We Sauntered upon this in Music in the USA, edited by Judith Tick. Oxford University Press, 2008, page 524; its source is Martin Williams’ Hidden in Plain Sight: An Examination of the American Arts, Oxford University Press, 1992.):
What Fred Astaire accomplished is more significant than it may seem. When Baryshnikov decides he wants to become a dancer, he goes to a teacher and he is told, well, yes, you must learn this movement and that one; and learn this and the other technique; and if you learn them all well enough you will be a dancer. And that means—let us be clear about this—you will learn to dance in the tradition of eighteenth-century French courtly dance, a highly stylized craft to say the least.
Astaire, in his totally unpretentious way, obviously did not want to dance like an eighteenth-century European. He undertook to dance like a twentieth-century American; he wanted to put our lives, our feelings, our experiences into dance. Who was to teach him how to do that? No one of course. He had to find out for himself what that meant, and that was a large and—if we admit it—culturally significant task. Astaire took the then-young traditions of American vaudeville and musical comedy dance in which he had grown up as his point of departure. And from bits of ballroom and ballroom-driven “speciality” dance, from black tap dancing and (yes) some bits of classical ballet—from any sources that seemed appropriate to him—he fashioned his art.

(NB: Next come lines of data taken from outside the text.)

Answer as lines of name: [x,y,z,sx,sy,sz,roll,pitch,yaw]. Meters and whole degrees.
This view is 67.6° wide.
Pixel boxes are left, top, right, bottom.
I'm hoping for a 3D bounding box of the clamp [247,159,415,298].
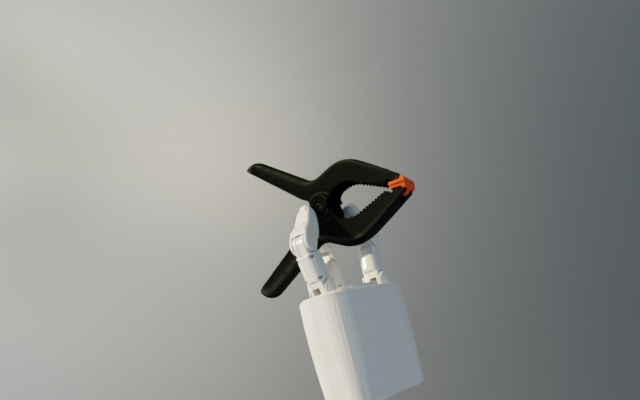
clamp: [0.000,0.002,0.532,0.210,0.164,0.036,-26,-20,27]
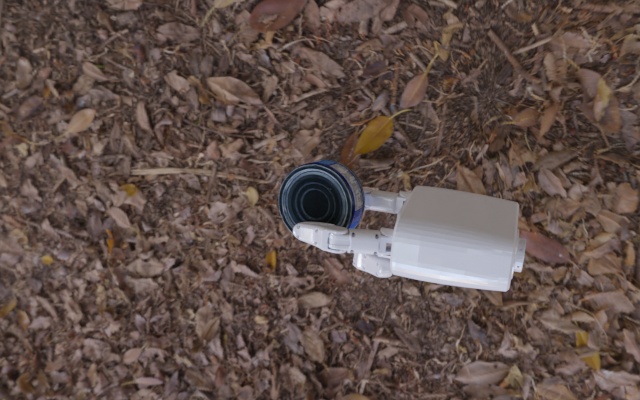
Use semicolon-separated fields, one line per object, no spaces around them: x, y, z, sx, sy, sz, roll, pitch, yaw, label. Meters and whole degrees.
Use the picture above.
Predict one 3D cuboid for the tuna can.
0.000;0.002;0.493;0.086;0.086;0.033;0;10;25;tuna can
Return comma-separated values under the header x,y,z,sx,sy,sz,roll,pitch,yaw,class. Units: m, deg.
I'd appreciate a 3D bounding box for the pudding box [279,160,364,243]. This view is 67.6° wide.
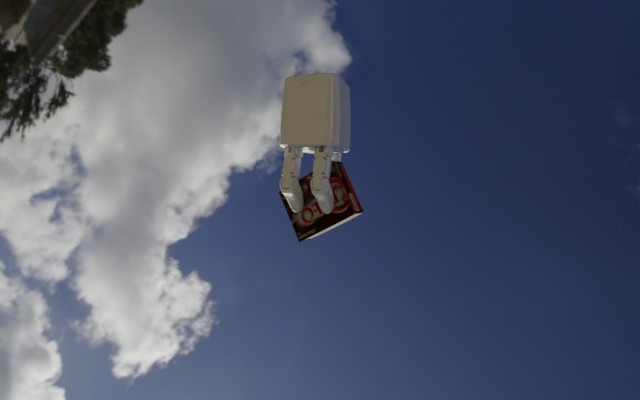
x,y,z,sx,sy,sz,roll,pitch,yaw,class
0.000,0.002,0.747,0.113,0.090,0.039,-30,-14,29,pudding box
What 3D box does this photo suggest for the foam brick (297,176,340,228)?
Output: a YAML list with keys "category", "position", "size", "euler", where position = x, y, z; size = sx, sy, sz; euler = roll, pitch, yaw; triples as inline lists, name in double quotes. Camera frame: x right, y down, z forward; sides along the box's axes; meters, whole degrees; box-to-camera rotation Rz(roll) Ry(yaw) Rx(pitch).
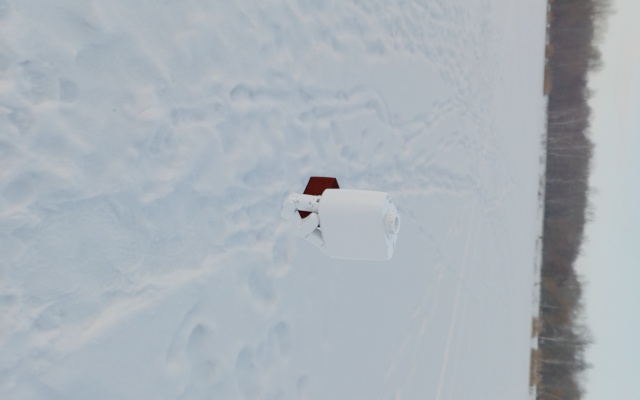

Furthermore, Astaire had to learn what it meant to dance like an American named Fred Astaire, and there I think is where the truly democratic element entered. For an artist of his potential range and depth, learning to dance like Fred Astaire was, again, a sizeable task. It was also a task which he clearly undertook with seriousness and discipline and with an unpretentious spirit of discovery and delight that always showed in his results.